# Diagnosis Prediction Tool: ETL Notebook

## Overview

#### This notebook contains the python code to populate a database that contains tables: 1. diseases; 2. diagnosis_samples.  The data for these tables comes from a kaggle dataset containing close to 5,000 samples of symptoms and diagnosis.

* The diseases data comes from two csv files (symptom_Description.csv and symptom_precaution.csv) found at:  https://www.kaggle.com/datasets/itachi9604/disease-symptom-description-dataset

* The diagnosis_sample data comes from two csv files (dataset.csv and Symptom-severity.csv) found at:  https://www.kaggle.com/datasets/itachi9604/disease-symptom-description-dataset

In [None]:
import pandas as pd
from sqlalchemy import create_engine, inspect
from sqlalchemy import Column, Integer, String, Float, Boolean, ForeignKey, UniqueConstraint, ForeignKeyConstraint
from sqlalchemy_utils import database_exists, create_database
from sqlalchemy.ext.declarative import declarative_base
import config
import numpy as np


## Extract

* Each of the 4 csv files are loaded into dataframes
    * symptom_Description.csv to disease_desc_df
    * symptom_precaution.csv to disease_treat_df
    * dataset.csv to samples_df
    * Symptom-severity.csv to symp_sever_df

In [None]:
# Extract symptom_Description.csv to disease_desc_df
filename = '../Resources/symptom_Description.csv'
disease_desc_df = pd.read_csv(filename)
disease_desc_df.head()

In [None]:
# Extract symptom_precaution.csv to disease_treat_df
filename = '../Resources/symptom_precaution.csv'
disease_treat_df = pd.read_csv(filename)
disease_treat_df.head()

In [None]:
# Extract dataset.csv to samples_df
filename = '../Resources/dataset.csv'
samples_df = pd.read_csv(filename)
samples_df.head()

In [None]:
# Extract Symptom-severity.csv to symp_sever_df
filename = '../Resources/Symptom-severity.csv'
symp_sever_df = pd.read_csv(filename)
symp_sever_df.head()

## Transform

### 1. Transform Disease Data

In [None]:
# Check that Disease column values are the same from treatment and description dataframes
disease_compare_df = pd.DataFrame()
disease_compare_df['desc_disease'] = disease_desc_df['Disease']
disease_compare_df['treat_disease'] = disease_treat_df['Disease']
disease_compare_df['Check'] =  disease_compare_df['treat_disease']==disease_compare_df['desc_disease']
disease_compare_df

In [None]:
# Remove leading and trailing spaces from Disease columns in both dataframes
disease_desc_df['Disease'] = disease_desc_df['Disease'].str.strip()
disease_treat_df['Disease'] = disease_treat_df['Disease'].str.strip()

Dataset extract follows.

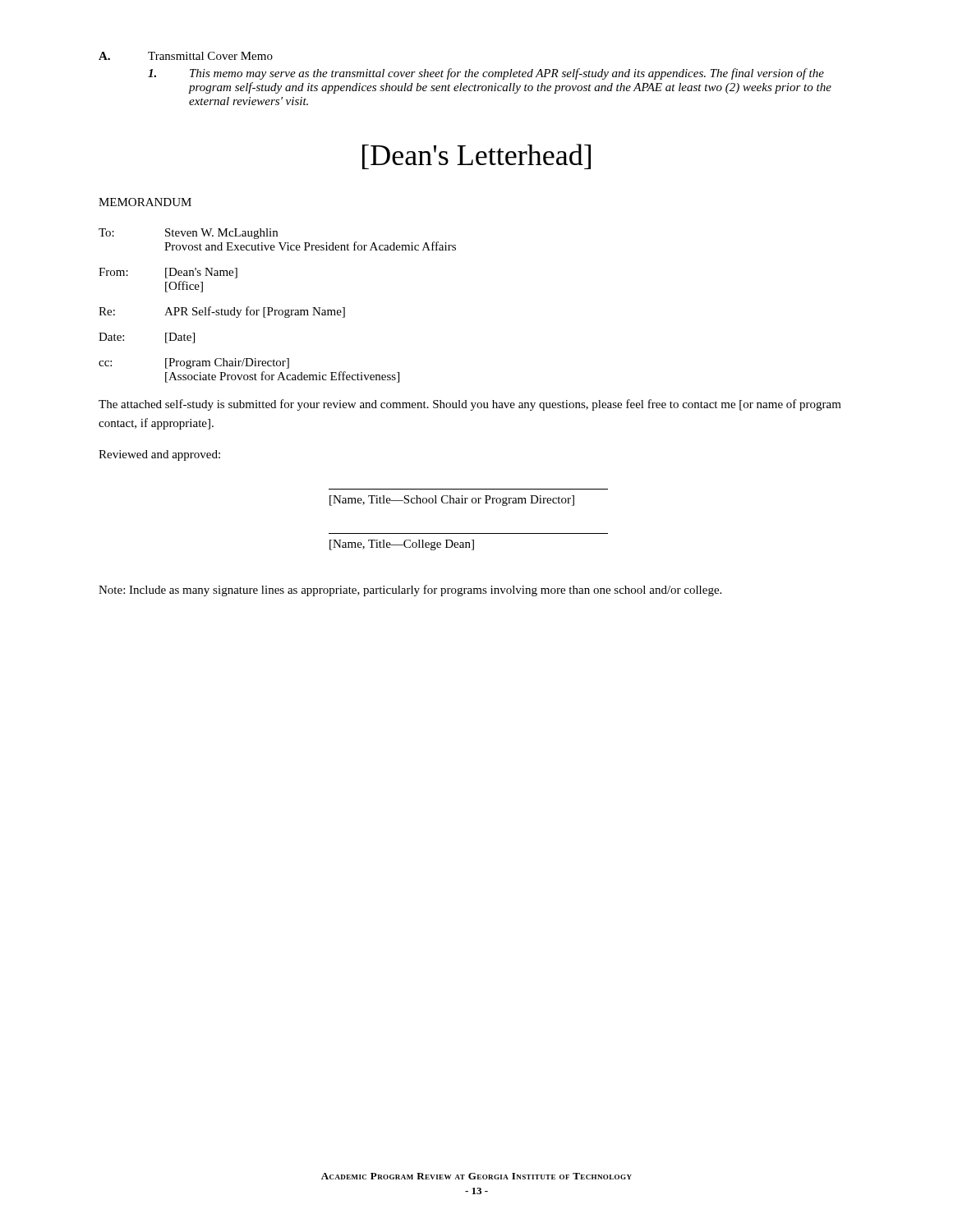
Task: Find "Reviewed and approved:" on this page
Action: coord(160,454)

# fix misspelling in treatment file
disease_treat_df.loc[ disease_treat_df['Disease'] == 'Dimorphic hemmorhoids(piles)', 'Disease'] = 'Dimorphic hemorrhoids(piles)'

# Merge the disease_treat_df and disease_desc_df on the Disease field
disease_df = disease_desc_df.merge(disease_treat_df[['Disease', 'Precaution_1', 'Precaution_2', 'Precaution_3', 'Precaution_4']], on=['Disease'])

# Rename columns to read treatments vs precautions
disease_df = disease_df.rename(columns={"Disease": "disease",
                                        "Description" : "description",
                                        "Precaution_1": "treatment1",
                                        "Precaution_2": "treatment2",
                                        "Precaution_3": "treatment3",
                                        "Precaution_4": "treatment4"})

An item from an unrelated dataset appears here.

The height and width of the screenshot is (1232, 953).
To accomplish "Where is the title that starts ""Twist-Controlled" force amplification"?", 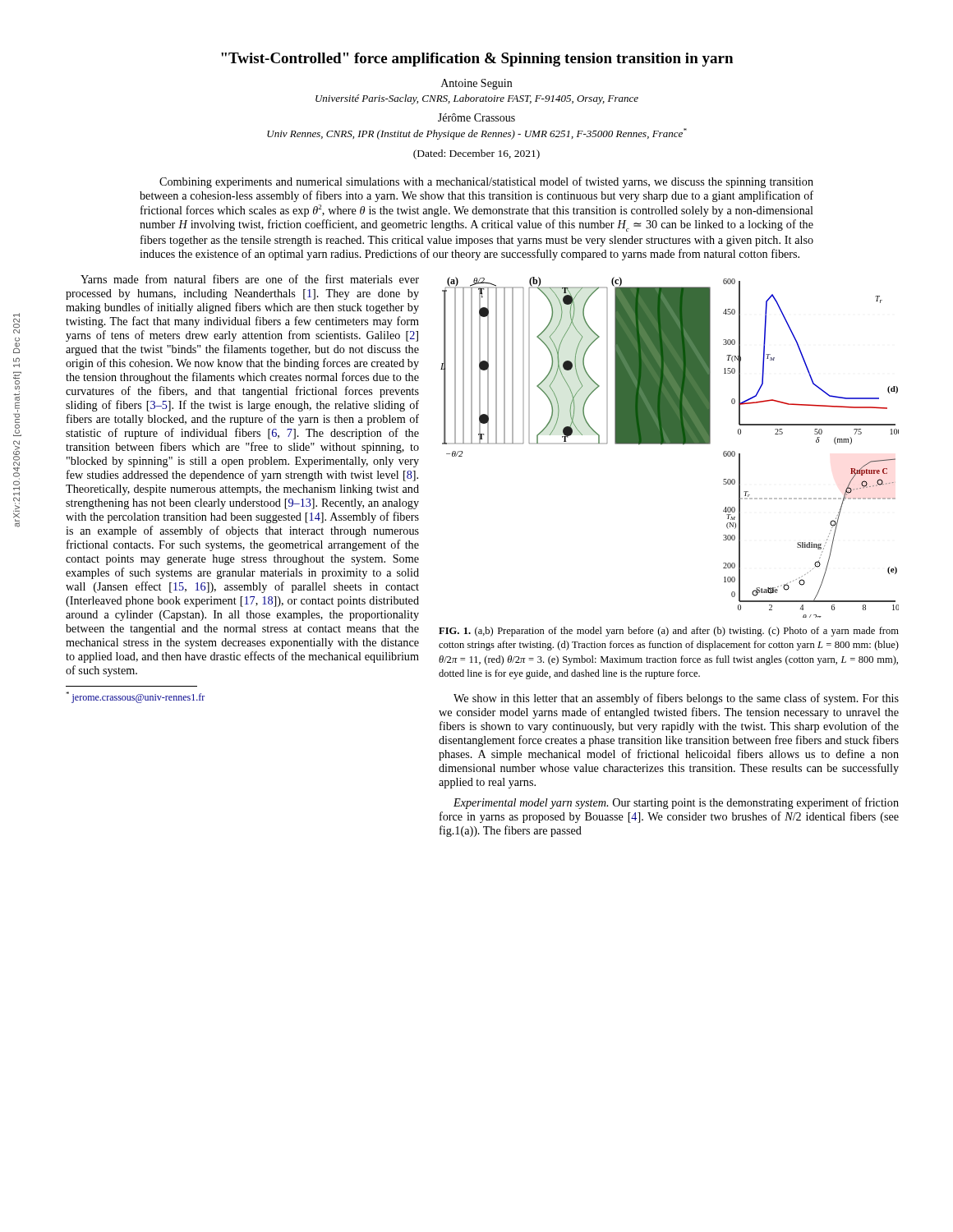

# Add classifications column for disease severity - immediacy of seeking help based on if it says to go to hospital or consult a doctor


disease_df

### 2. Transform Diagnosis Sample Data

In [None]:
# Create Sample ID
samples_df['sample_id'] = np.arange(samples_df.shape[0])

# Eliminate NaN
samples_df = samples_df.fillna('')
samples_df

In [None]:
# Identify the number and list of unique symptoms by taking the horizontal data and making it vertical
symptom_df = pd.melt(samples_df, id_vars=['sample_id','Disease'], value_vars=['Symptom_1', 'Symptom_2', 'Symptom_3', 'Symptom_4', 'Symptom_5', 'Symptom_6', 'Symptom_7', 'Symptom_8', 'Symptom_9', 'Symptom_10', 'Symptom_11', 'Symptom_12', 'Symptom_13', 'Symptom_14', 'Symptom_15', 'Symptom_16', 'Symptom_17'])
symptom_df

In [None]:
# Check the number of times each symptom appears
symptom_df['value'].value_counts()

In [None]:
# Assign an equal weight to each noted symptom when indicated
symptom_df['weight'] = 1

# fix misspelling in file
symptom_df.loc[ symptom_df['Disease'] == 'Dimorphic hemmorhoids(piles)', 'Disease'] = 'Dimorphic hemorrhoids(piles)'

# Remove leading and trailing spaces from disease
symptom_df['Disease'] = symptom_df['Disease'].str.strip()

# Remove spaces and parenthesis from symptoms
symptom_df['value'] = symptom_df['value'].str.replace(' ', '')
symptom_df['value'] = symptom_df['value'].str.replace(')', '')
symptom_df['value'] = symptom_df['value'].str.replace('(', '')

# Reduce the columns to only those needed
symptom_df = symptom_df [['sample_id', 'Disease', 'value', 'weight']]

# Drop the index
symptom_df = symptom_df.drop(symptom_df[symptom_df.value == ''].index)

# Rename column headings to lower case
symptom_df = symptom_df.rename(columns={"Disease": "disease"})
symptom_df

In [None]:
# Pivot the table to create the columns with indicated values
pd.set_option("display.max_columns", None)
samples_transformed_df = pd.DataFrame(symptom_df.reset_index().groupby(['sample_id', 'value'])['weight'].aggregate('first').unstack())

# Change NaN values to 0
samples_transformed_df = samples_transformed_df.fillna(0)
samples_transformed_df.head()

In [None]:
# Add the diagnosed disease into the dataset
samples_transformed_df['disease'] = symptom_df['disease']
samples_transformed_df

In [None]:
# Remove spaces and parenthesis from symptoms
symp_sever_df['Symptom'] = symp_sever_df['Symptom'].str.replace(' ', '')
symp_sever_df['Symptom'] = symp_sever_df['Symptom'].str.replace(')', '')
symp_sever_df['Symptom'] = symp_sever_df['Symptom'].str.replace('(', '')
symp_sever_df

In [None]:
# Apply the symptom weight values to the dataframe
weighted_samples_df = samples_transformed_df.copy()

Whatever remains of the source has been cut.